7 сентября во время беседы с Молотовым, Ждановым и Димитровым Сталин подчеркнул межимпериалистический характер начинающейся войны[790]
. Согласно этой логике, помочь более слабому (Германия) для ослабления более богатого (Великобритания) никак не противоречило долгосрочным целям СССР. Основной принцип – остаться в стороне от войны, временно оказывая логистическую помощь Германии[791] и укрепляя свои опорные пункты в Восточной Европе. Именно в контексте советско-германской дружбы была осуществлена – в два приема и без объявления войны – аннексия балтийских стран. В период с 28 сентября по 10 октября 1939 года Латвия, Литва и Эстония одна за другой оказались вынуждены подписать пакты о взаимопомощи со своим могущественным соседом. Мощным стимулом в этих переговорах служило напоминание о возможности полного исчезновения этих стран по польской модели. Сталин умело спровоцировал тревогу у министра иностранных дел Латвии Вильгельмса Мунтерса во время встречи 2 октября, упомянув о немецких планах по разделу латвийской территории вдоль Даугавы. Такой проект действительно обсуждался на переговорах 23 августа и был отклонен ввиду твердого намерения советских властей включить в свою зону влияния всю территорию Латвии.В основе первого ультиматума, направленного Эстонии, лежал инцидент с польской подводной лодкой «Ожел» («Орел»), интерпретированный следуя логике «косвенной агрессии» Молотова. Боевые действия в Польше привели к бегству военных и гражданских лиц в балтийские страны и в Румынию. Опасаясь советской реакции на появление значительного количества поляков, эти страны поспешили разоружить и интернировать польских офицеров и солдат, чтобы тем самым продемонстрировать Москве свою добрую волю. В момент разгрома Польши «Ожел» оказался в таллинском порту, где, руководствуясь международно-правовым статусом нейтралитета, его задержали эстонские власти. Однако 17 сентября эстонцы позволили подводной лодке уйти в Великобританию. Ничего другого Москве и не требовалось, чтобы заявить о несостоятельности эстонского нейтралитета, а главное, о неспособности эстонской армии контролировать свое побережье. Теперь необходимым условием для обеспечения безопасности побережья и залива в целом было объявлено присутствие советского флота, подводных лодок и авиации. Речь шла о том, чтобы помешать «другим державам» использовать балтийское побережье как плацдарм для нападения на СССР[792]

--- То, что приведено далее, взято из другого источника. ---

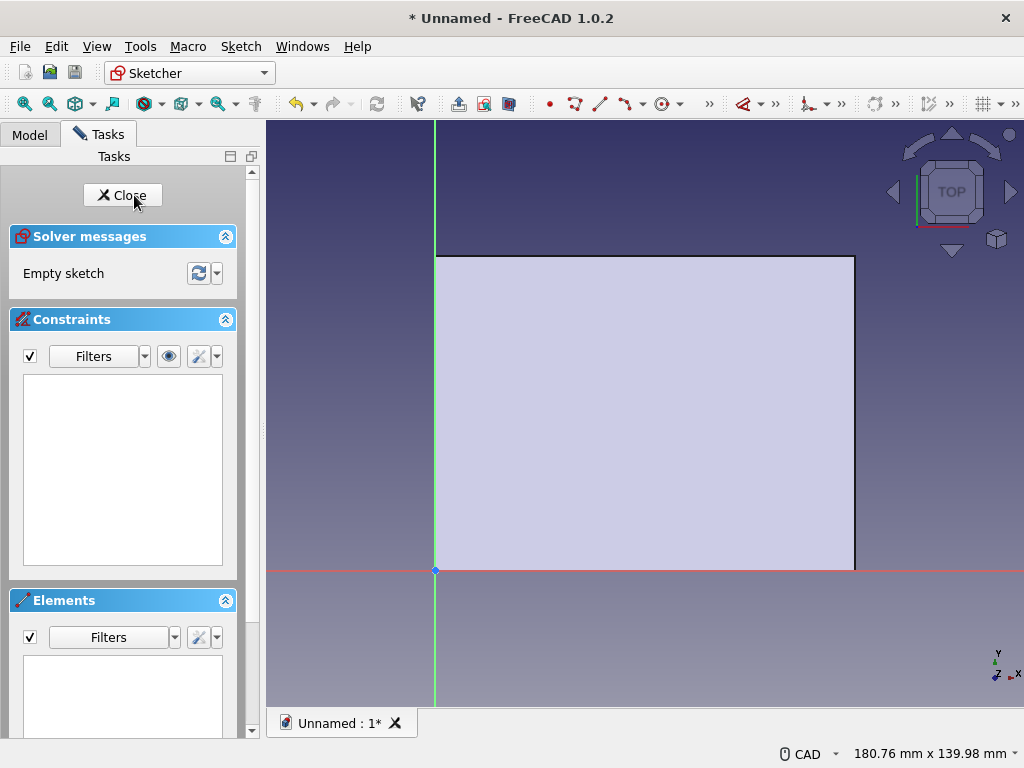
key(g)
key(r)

. Решение о сотрудничестве соседей в целях защиты балтийского побережья против возможной агрессии было представлено Москвой как позитивный результат двадцатилетних отношений, прошедших через этапы соглашений 1920 и 1932 годов[793]. Кремль даже организовал вынужденное соревнование между балтийскими государствами[794]: раз Эстония подписала, у Латвии просто нет другого выхода. По словам Сталина, русские ощущают себя ближе к латышам, чем к эстонцам, и потому сотрудничество между двумя странами не встретит никаких затруднений: «…каждый будет знать: здесь два хозяина – латыши и русские»[795]. А что касается Литвы, изначально враждебно настроенной к Польше и получившей от «великодушного» СССР Вильнюс и Вильнюсскую область, то у нее не было средств помешать Советскому Союзу участвовать в контроле ее западной границы[796].Какие аргументы использовались во время переговоров между балтийскими государствами и Советским Союзом? Помимо неизбежных ссылок на Петра Великого, открывшего России выход к морю, Молотов и Сталин поместили свои требования в контекст современных реалий и войны в Европе. Так, Сталин считал, что его требование предоставить выдвинутые базы на латвийском побережье по большому счету ничем не отличается от притязаний Великобритании, которая требовала от Швеции предоставить ей аэродромы и базы для подлодок и пыталась купить у нее два острова.